With three golden pounds left in my pocket, I was sold.  Ring me up please handsome Italian cashier.

Walking out of Hummingbird Bakery with some spare change (35 pence to be exact), a wooden fork, and a sparkling, sweet snow frosted cupcake in my hand, I was a happy customer.

I became even happier once I took my first bite of that carrot cake cupcake.  Moist and sweet with faint hints of nutmeg, the cake was everything I had hoped for.  And while the smooth, cream cheese icing aroused a slight nostalgia of Philly, there was absolutely no other place I wanted to be in that moment than in Kensington eating that London-made cupcake.

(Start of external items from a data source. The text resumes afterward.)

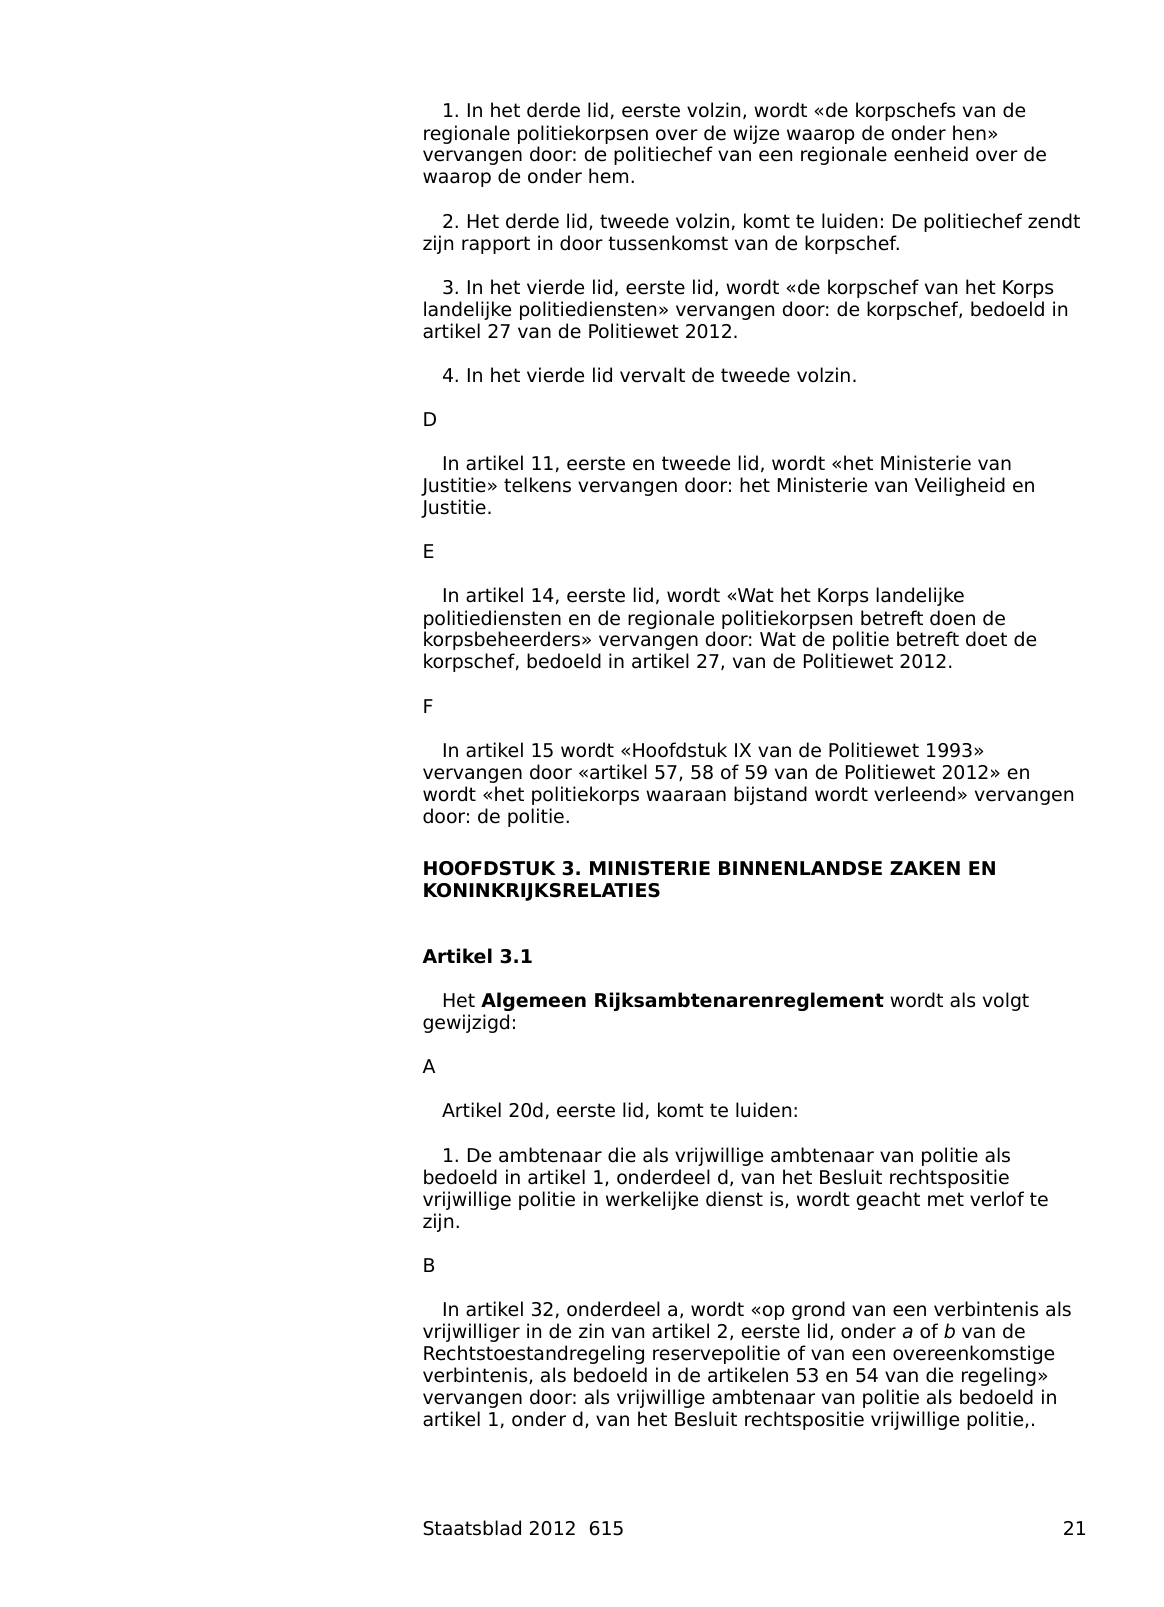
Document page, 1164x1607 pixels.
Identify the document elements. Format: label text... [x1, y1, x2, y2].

text In artikel 11, eerste en tweede lid, wordt «het Ministerie van Justitie» telkens vervangen door: het Ministerie van Veiligheid en Justitie. [422, 453, 1087, 519]
text A [422, 1056, 1087, 1078]
text D [422, 409, 1087, 431]
text Artikel 20d, eerste lid, komt te luiden: [422, 1100, 1087, 1122]
text F [422, 696, 1087, 717]
text 4. In het vierde lid vervalt de tweede volzin. [422, 365, 1087, 387]
text E [422, 541, 1087, 563]
text Het Algemeen Rijksambtenarenreglement wordt als volgt gewijzigd: [422, 990, 1087, 1034]
subtitle HOOFDSTUK 3. MINISTERIE BINNENLANDSE ZAKEN EN KONINKRIJKSRELATIES [422, 858, 1087, 902]
text 1. De ambtenaar die als vrijwillige ambtenaar van politie als bedoeld in artikel 1, onderdeel d, van het Besluit rechtspositie vrijwillige politie in werkelijke dienst is, wordt geacht met verlof te zijn. [422, 1144, 1087, 1232]
subtitle Artikel 3.1 [422, 946, 1087, 968]
text In artikel 15 wordt «Hoofdstuk IX van de Politiewet 1993» vervangen door «artikel 57, 58 of 59 van de Politiewet 2012» en wordt «het politiekorps waaraan bijstand wordt verleend» vervangen door: de politie. [422, 740, 1087, 828]
text 1. In het derde lid, eerste volzin, wordt «de korpschefs van de regionale politiekorpsen over de wijze waarop de onder hen» vervangen door: de politiechef van een regionale eenheid over de waarop de onder hem. [422, 100, 1087, 188]
text In artikel 32, onderdeel a, wordt «op grond van een verbintenis als vrijwilliger in de zin van artikel 2, eerste lid, onder a of b van de Rechtstoestandregeling reservepolitie of van een overeenkomstige verbintenis, als bedoeld in de artikelen 53 en 54 van die regeling» vervangen door: als vrijwillige ambtenaar van politie als bedoeld in artikel 1, onder d, van het Besluit rechtspositie vrijwillige politie,. [422, 1299, 1087, 1431]
text 3. In het vierde lid, eerste lid, wordt «de korpschef van het Korps landelijke politiediensten» vervangen door: de korpschef, bedoeld in artikel 27 van de Politiewet 2012. [422, 277, 1087, 343]
text 2. Het derde lid, tweede volzin, komt te luiden: De politiechef zendt zijn rapport in door tussenkomst van de korpschef. [422, 211, 1087, 254]
text B [422, 1255, 1087, 1277]
text In artikel 14, eerste lid, wordt «Wat het Korps landelijke politiediensten en de regionale politiekorpsen betreft doen de korpsbeheerders» vervangen door: Wat de politie betreft doet de korpschef, bedoeld in artikel 27, van de Politiewet 2012. [422, 585, 1087, 673]

In addition to its Kensington location, Hummingbird Bakery has two other shops located in Soho and Notting Hill, meaning I’ll probably wind up at one of the three for a second visit.  As a baker with a huge sweet tooth, I’d love to experience almost every bakery within London.  However, I have a feeling that with the various other cakes, cupcakes, and brownies that Hummingbird Bakery offers, I’ll probably soon be eating from a wooden fork once again.